----- EXCERPTED RECORDS -----

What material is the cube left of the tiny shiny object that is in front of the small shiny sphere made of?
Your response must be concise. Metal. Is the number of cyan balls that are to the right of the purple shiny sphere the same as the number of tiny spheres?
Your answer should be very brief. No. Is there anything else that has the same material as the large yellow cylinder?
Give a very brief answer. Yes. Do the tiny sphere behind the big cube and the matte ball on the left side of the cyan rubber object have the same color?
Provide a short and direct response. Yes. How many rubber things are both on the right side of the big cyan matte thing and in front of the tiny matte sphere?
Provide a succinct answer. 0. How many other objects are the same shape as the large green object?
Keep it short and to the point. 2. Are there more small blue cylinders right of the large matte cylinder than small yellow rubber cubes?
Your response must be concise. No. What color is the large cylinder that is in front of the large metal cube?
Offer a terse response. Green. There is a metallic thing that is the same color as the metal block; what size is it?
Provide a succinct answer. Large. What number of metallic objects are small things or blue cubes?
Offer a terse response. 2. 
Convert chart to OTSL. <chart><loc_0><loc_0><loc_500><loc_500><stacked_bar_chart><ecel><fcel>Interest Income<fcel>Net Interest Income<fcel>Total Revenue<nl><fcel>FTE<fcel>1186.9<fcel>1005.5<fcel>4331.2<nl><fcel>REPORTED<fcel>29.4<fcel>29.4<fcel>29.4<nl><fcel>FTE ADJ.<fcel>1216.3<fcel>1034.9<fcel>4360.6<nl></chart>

-----
----- EXCERPTED RECORDS -----

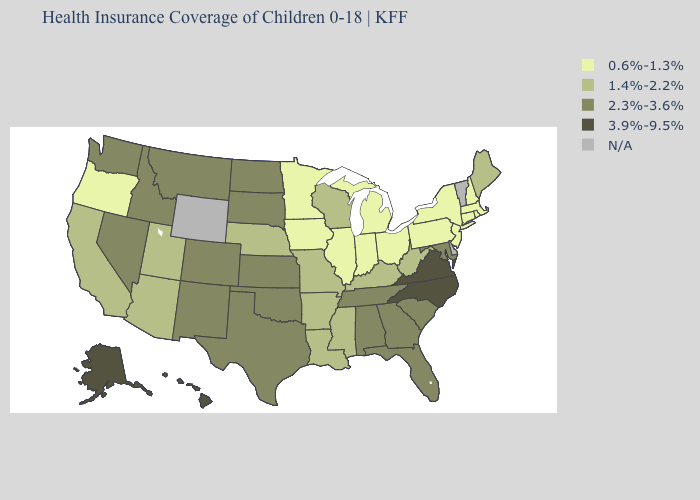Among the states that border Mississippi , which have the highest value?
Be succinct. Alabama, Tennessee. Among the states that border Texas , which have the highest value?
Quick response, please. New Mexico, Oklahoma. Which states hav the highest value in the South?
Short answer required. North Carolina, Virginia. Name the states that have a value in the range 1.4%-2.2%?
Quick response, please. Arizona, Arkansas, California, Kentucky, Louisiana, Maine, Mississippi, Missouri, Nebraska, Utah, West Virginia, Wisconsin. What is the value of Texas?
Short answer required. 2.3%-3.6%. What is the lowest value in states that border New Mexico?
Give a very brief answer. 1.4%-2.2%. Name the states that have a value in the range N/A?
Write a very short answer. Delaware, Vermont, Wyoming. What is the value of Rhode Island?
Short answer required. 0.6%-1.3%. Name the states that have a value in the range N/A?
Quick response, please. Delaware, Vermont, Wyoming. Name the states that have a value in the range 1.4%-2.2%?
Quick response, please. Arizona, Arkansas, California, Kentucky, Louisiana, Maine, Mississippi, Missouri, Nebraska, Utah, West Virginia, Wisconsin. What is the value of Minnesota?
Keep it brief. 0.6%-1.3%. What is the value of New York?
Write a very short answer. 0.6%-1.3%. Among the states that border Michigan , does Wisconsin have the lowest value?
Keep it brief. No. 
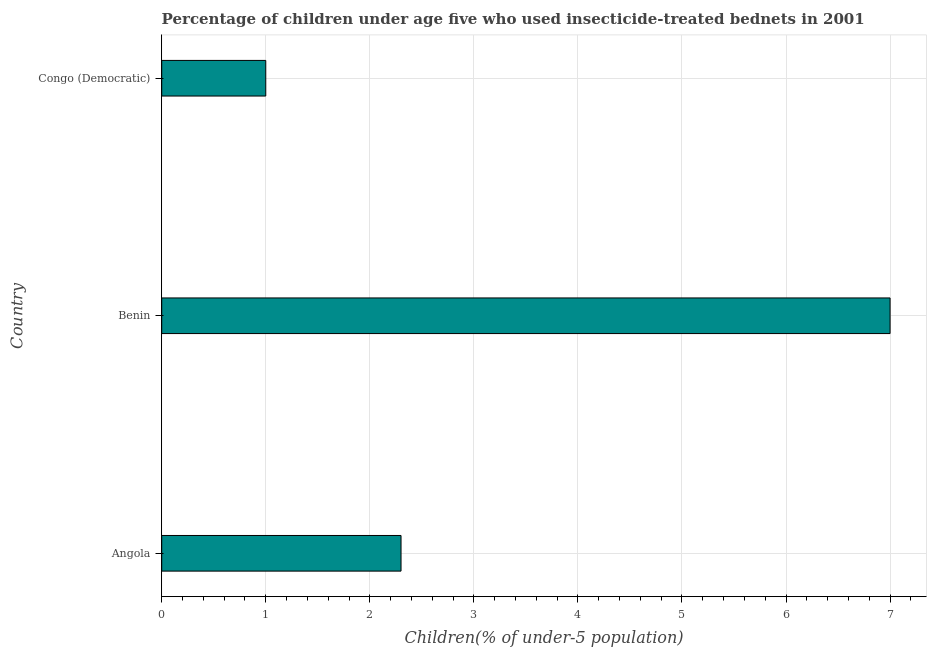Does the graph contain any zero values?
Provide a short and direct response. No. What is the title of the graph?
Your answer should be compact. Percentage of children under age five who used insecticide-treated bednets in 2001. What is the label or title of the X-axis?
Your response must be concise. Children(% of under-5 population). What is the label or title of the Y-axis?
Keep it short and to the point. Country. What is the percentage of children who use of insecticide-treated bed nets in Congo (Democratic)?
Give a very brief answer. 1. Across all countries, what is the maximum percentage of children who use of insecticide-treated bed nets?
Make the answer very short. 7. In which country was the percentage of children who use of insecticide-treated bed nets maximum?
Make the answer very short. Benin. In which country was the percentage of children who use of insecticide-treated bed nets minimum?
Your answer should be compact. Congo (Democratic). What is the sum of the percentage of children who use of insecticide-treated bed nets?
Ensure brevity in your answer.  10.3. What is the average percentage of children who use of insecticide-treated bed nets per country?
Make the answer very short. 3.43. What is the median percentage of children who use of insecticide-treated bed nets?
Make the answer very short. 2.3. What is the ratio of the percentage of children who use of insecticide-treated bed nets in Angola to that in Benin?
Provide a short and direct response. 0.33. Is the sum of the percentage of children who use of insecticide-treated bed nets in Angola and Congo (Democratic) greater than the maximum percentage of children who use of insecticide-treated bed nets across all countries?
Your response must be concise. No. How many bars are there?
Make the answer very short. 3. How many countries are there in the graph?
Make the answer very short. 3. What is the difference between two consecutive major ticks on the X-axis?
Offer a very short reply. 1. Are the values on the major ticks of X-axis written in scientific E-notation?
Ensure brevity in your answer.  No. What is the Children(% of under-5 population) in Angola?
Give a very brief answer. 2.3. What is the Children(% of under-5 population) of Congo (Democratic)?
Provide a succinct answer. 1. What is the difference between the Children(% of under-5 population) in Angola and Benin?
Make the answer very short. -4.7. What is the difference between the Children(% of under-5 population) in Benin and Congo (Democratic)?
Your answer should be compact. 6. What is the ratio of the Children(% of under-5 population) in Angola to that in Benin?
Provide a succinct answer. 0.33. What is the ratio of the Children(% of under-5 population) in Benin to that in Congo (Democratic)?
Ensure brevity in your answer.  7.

-----

**REQUIREMENT:** Treat the line with "Write a very short answer. 0.6%-1.3%." as the start and the line with "Give a very brief answer. 1. Across" as the end, and return exactly that span of the data above, both ends included, without pictures.

**RESULT FOR THIS TASK:**
Write a very short answer. 0.6%-1.3%. Among the states that border Michigan , does Wisconsin have the lowest value?
Keep it brief. No. 
Does the graph contain any zero values?
Provide a short and direct response. No. What is the title of the graph?
Your answer should be compact. Percentage of children under age five who used insecticide-treated bednets in 2001. What is the label or title of the X-axis?
Your response must be concise. Children(% of under-5 population). What is the label or title of the Y-axis?
Keep it short and to the point. Country. What is the percentage of children who use of insecticide-treated bed nets in Congo (Democratic)?
Give a very brief answer. 1. Across all countries, what is the maximum percentage of children who use of insecticide-treated bed nets?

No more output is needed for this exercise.